Overview
- Peptide DNLNATGTNESAFNC, corresponding to amino acid residues 21-35 of rat AT2 receptor (Accession P35351). Extracellular, N-terminal domain.
- Rat and mouse samples (1:200 – 1:500).
- Western blot analysis of mouse MS1 endothelial cells:1. Anti-Angiotensin II Receptor Type-2 (extracellular) Antibody, (AAR-012), (1:400).
2. Anti-Angiotensin II Receptor Type-2 (extracellular) Antibody, preincubated with Angiotensin II Receptor Type-2 (extracellular) Blocking Peptide (#BLP-AR012). - Western blot analysis of rat brain membranes:1. Anti-Angiotensin II Receptor Type-2 (extracellular) Antibody (AAR-012), (1:500).
2. Anti-Angiotensin II Receptor Type-2 (extracellular) Antibody, preincubated with Angiotensin II Receptor Type-2 (extracellular) Blocking Peptide (#BLP-AR012).
- Rat brain sections.
- Live intact rat GH3 pituitary cells (1:100).
Angiotensin II receptor type 2 or AT2 is one of the receptors that bind the octapeptide hormone Angiotensin II (Ang II).
Ang II is the peptide hormone that generates most of the known effects of the renin-angiotensin system (RAS). Ang II is generated from the angiotensinogen protein by the actions of renin, angiotensin converting enzyme (ACE) and other peptidases. Ang II has a central role in cardiovascular homeostasis by regulating vasoconstriction, renal Na+ and water readsorption. In addition, Ang II induces cell growth and proliferation and has pro-inflammatory effects.
Most of the physiological actions of Ang II are mediated by AT1 a member of the 7-transmembrane domain, G protein-coupled receptor (GPCR) superfamily. AT2 is also a GPCR, and is largely believed to have counter-regulatory roles to the ones exerted through the AT1 receptor. Hence, binding of Ang II to the AT2 receptor will result in growth arrest and apoptosis, vasodilatation and hypotension.

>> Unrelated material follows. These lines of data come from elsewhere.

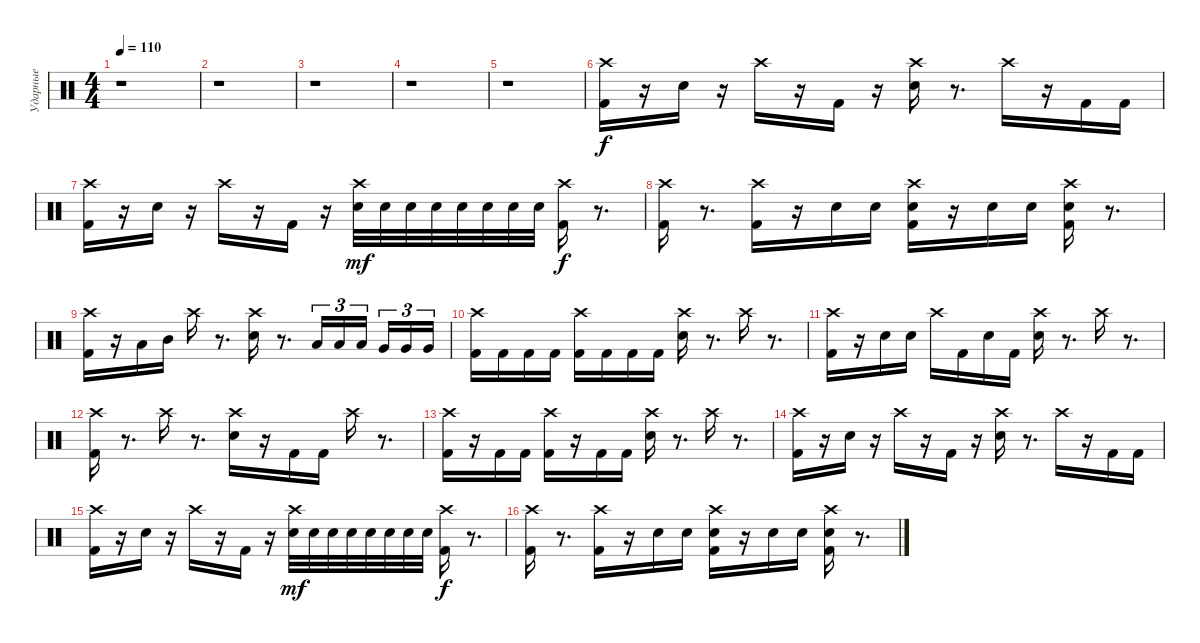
\track ("Ударные" "Ударные") {instrument percussion}
\staff {score}
\articulation defaults
\ts (4 4)
\tempo 110
\clef neutral
\ks c
r.1{dy mf} |
r.1 |
r.1 |
r.1 |
r.1 |
("Crash high (hit)" "Kick (hit) 2").16{dy f} r.16 "Electric Snare (hit)".16 r.16 "Crash high (hit)".16 r.16 "Kick (hit) 2".16 r.16 ("Crash high (hit)" "Electric Snare (hit)").16 r.8{d} "Crash high (hit)".16 r.16 "Kick (hit) 2".16 "Kick (hit) 2".16 |
("Crash high (hit)" "Kick (hit) 2").16 r.16 "Electric Snare (hit)".16 r.16 "Crash high (hit)".16 r.16 "Kick (hit) 2".16 r.16 ("Crash high (hit)" "Electric Snare (hit)").32{dy mf} "Electric Snare (hit)".32 "Electric Snare (hit)".32 "Electric Snare (hit)".32 "Electric Snare (hit)".32 "Electric Snare (hit)".32 "Electric Snare (hit)".32 "Electric Snare (hit)".32 ("Crash high (hit)" "Kick (hit) 2").16{dy f} r.8{d} |
("Crash high (hit)" "Kick (hit) 2").16 r.8{d} ("Crash high (hit)" "Kick (hit) 2").16 r.16 "Electric Snare (hit)".16 "Electric Snare (hit)".16 ("Crash high (hit)" "Electric Snare (hit)" "Kick (hit) 2").16 r.16 "Electric Snare (hit)".16 "Electric Snare (hit)".16 ("Crash high (hit)" "Electric Snare (hit)" "Kick (hit) 2").16 r.8{d} |
("Crash high (hit)" "Kick (hit) 2").16 r.16 "Low Tom (hit)".16 "Mid Tom (hit)".16 "Crash high (hit)".16 r.8{d} ("Crash high (hit)" "Electric Snare (hit)").16 r.8{d} "Low Tom (hit)".16{tu (3 2)} "Low Tom (hit)".16{tu (3 2)} "Low Tom (hit)".16{tu (3 2) beam splitsecondary} "Very Low Tom (hit)".16{tu (3 2)} "Very Low Tom (hit)".16{tu (3 2)} "Very Low Tom (hit)".16{tu (3 2)} |
("Crash high (hit)" "Kick (hit) 2").16 "Kick (hit) 2".16 "Kick (hit) 2".16 "Kick (hit) 2".16 ("Crash high (hit)" "Kick (hit) 2").16 "Kick (hit) 2".16 "Kick (hit) 2".16 "Kick (hit) 2".16 ("Crash high (hit)" "Electric Snare (hit)").16 r.8{d} "Crash high (hit)".16 r.8{d} |
("Crash high (hit)" "Kick (hit) 2").16 r.16 "Electric Snare (hit)".16 "Electric Snare (hit)".16 "Crash high (hit)".16 "Kick (hit) 2".16 "Electric Snare (hit)".16 "Kick (hit) 2".16 ("Crash high (hit)" "Electric Snare (hit)").16 r.8{d} "Crash high (hit)".16 r.8{d} |
("Crash high (hit)" "Kick (hit) 2").16 r.8{d} "Crash high (hit)".16 r.8{d} ("Crash high (hit)" "Electric Snare (hit)").16 r.16 "Kick (hit) 2".16 "Kick (hit) 2".16 "Crash high (hit)".16 r.8{d} |
("Crash high (hit)" "Kick (hit) 2").16 r.16 "Kick (hit) 2".16 "Kick (hit) 2".16 ("Crash high (hit)" "Kick (hit) 2").16 r.16 "Kick (hit) 2".16 "Kick (hit) 2".16 ("Crash high (hit)" "Electric Snare (hit)").16 r.8{d} "Crash high (hit)".16 r.8{d} |
("Crash high (hit)" "Kick (hit) 2").16 r.16 "Electric Snare (hit)".16 r.16 "Crash high (hit)".16 r.16 "Kick (hit) 2".16 r.16 ("Crash high (hit)" "Electric Snare (hit)").16 r.8{d} "Crash high (hit)".16 r.16 "Kick (hit) 2".16 "Kick (hit) 2".16 |
("Crash high (hit)" "Kick (hit) 2").16 r.16 "Electric Snare (hit)".16 r.16 "Crash high (hit)".16 r.16 "Kick (hit) 2".16 r.16 ("Crash high (hit)" "Electric Snare (hit)").32{dy mf} "Electric Snare (hit)".32 "Electric Snare (hit)".32 "Electric Snare (hit)".32 "Electric Snare (hit)".32 "Electric Snare (hit)".32 "Electric Snare (hit)".32 "Electric Snare (hit)".32 ("Crash high (hit)" "Kick (hit) 2").16{dy f} r.8{d} |
("Crash high (hit)" "Kick (hit) 2").16 r.8{d} ("Crash high (hit)" "Kick (hit) 2").16 r.16 "Electric Snare (hit)".16 "Electric Snare (hit)".16 ("Crash high (hit)" "Electric Snare (hit)" "Kick (hit) 2").16 r.16 "Electric Snare (hit)".16 "Electric Snare (hit)".16 ("Crash high (hit)" "Electric Snare (hit)" "Kick (hit) 2").16 r.8{d}

Although the AT2 receptor is structurally a member of the GPCR superfamily, the signaling mechanisms elicited following AT2 receptor activation are not fully clarified. Recent evidence indicates that the AT2 receptor signals through the Giα2 and the Giα3 proteins and through the activation of phosphotyrosine phosphatases such as SHP-1.
AT2 receptor distribution is more restricted than that of the AT1 receptor. The highest expression levels of AT2 have been found in the fetus, which is followed by a marked decrease shortly after birth. Nevertheless, significant AT2 receptor expression can be detected in the heart, kidney, vascular endothelial cells and brain, among others.